When I first began this blog, I asked for forgiveness in advance for all the stuff I’d mess up and my total lack of time. I now have a better day job and have learned enough to be able to juggle some of the writing stuff a bit better. I still don’t know it all, and I likely will never figure it all out.

That’s okay. Time is money and the only currency I have to pay with, so I’ve decided that I’m in this game for the long haul. As I did when I began the blog, I’ll reissue the promise I made to speak the truth about my author’s walk so that others might glean what they will from my journey. I’m not any kind of expert. I’m just offering what I learn freely as part of the backstory to writing the books and in the hopes that other authors might find something useful here.

I would love to make money selling my books. Marketing is hard and I’m afraid of losing my hard-earned day job money. So instead, I’ve decided to take the time to unravel the secrets of the self-publishing world on my own. I usually do this one tiny epiphany at a time.

That’s good. Writing isn’t a get-rich-quick scheme. It’s rather a creative outlet and an escape.
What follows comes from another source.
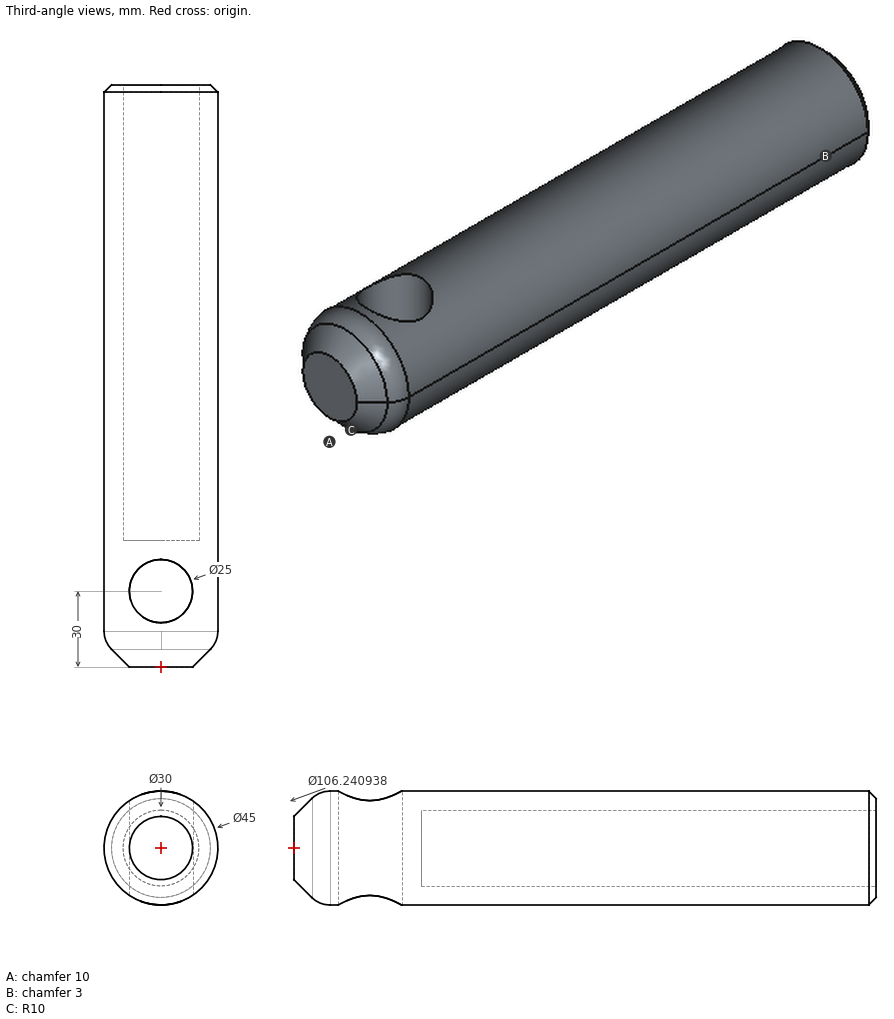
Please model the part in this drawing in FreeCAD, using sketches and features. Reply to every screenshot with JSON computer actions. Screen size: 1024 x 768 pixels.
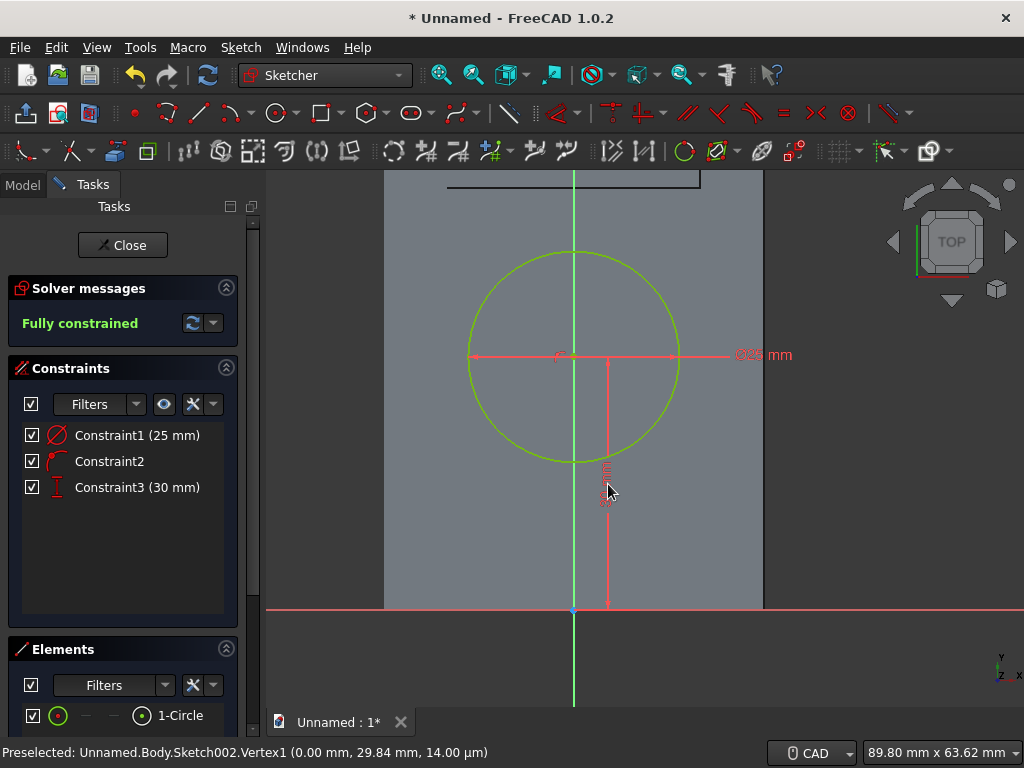
{"action": "left_click", "coordinate": [123, 245]}

If you are joining me on the ride, I’m glad you stopped by no matter whether it be to learn about writing in general or my writing in particular.

I also promised in my first blog to include cut scenes. So I’ve been honest about my journey, but few of the cut scenes have been published on the blog. So I wish to change that and meet the standard I myself proposed. Here’s a part of one deleted scene that wound up on the cutting room floor. I didn’t want the villain revealed all at once. So, meet a Villain.

Deleted Scene From A Pack Forms

1 Frank Grimes

The job with Luke Mendez was good solid money. He had all his guys on every crew but one working on the Mendez site. He’d even expanded his operation and hired more guys and subcontracted the fencing. Mendez kept adding shit that hot little blonde bitch wanted, but Frank wasn’t complaining. All the changes only lined his pockets.

The gripe came with Javier MacGuire. That guy was a total pain in the ass. He watched the crew like a damn hawk. Always demanding that the site stay clean and lost his mind if anyone looked like they might touch his precious lake. The man needed to loosen up. How the guy was so uptight with the amount of weed he smoked was just impressive.

It was a construction site for crying out loud. His guys were men who used power tools, not merry maids who came to work with mops, brooms, and dusters. Having an onsite manager made the job drag out which ate into his profit margin a little.

His dream of making money without doing the work himself though looked as if it might be coming true. He had hardly lifted a finger to do anything but to sign for the extra money he was making adjusting the contract to accommodate the changes. 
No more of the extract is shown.